▸ **WHAT THE EXERCISE ASKS**
What's wanted is a faithful retyping of every entry, pictures excluded.

BEGIN

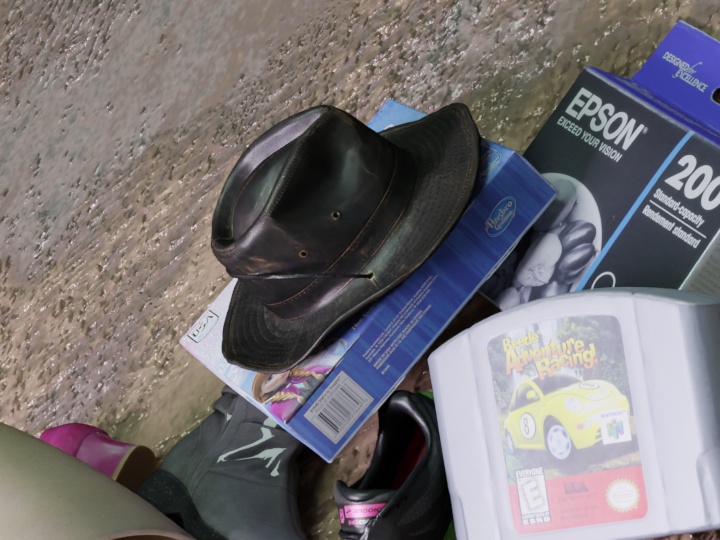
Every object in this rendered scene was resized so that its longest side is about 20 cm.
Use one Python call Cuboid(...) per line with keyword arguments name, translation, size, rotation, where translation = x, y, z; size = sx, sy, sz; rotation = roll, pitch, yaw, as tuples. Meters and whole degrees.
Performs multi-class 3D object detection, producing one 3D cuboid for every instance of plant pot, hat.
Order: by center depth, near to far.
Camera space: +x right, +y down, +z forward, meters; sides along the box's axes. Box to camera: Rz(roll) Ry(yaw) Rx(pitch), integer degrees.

END

▸ **RESULT**
Every object in this rendered scene was resized so that its longest side is about 20 cm.
Use one Python call Cuboid(...) per line with keyword arguments name, translation, size, rotation, where translation = x, y, z; size = sx, sy, sz; rotation = roll, pitch, yaw, as tuples. Meters and whole degrees.
Performs multi-class 3D object detection, producing one 3D cuboid for every instance of plant pot, hat.
Order: by center depth, near to far.
Camera space: +x right, +y down, +z forward, meters; sides along the box's axes. Box to camera: Rz(roll) Ry(yaw) Rx(pitch), integer degrees.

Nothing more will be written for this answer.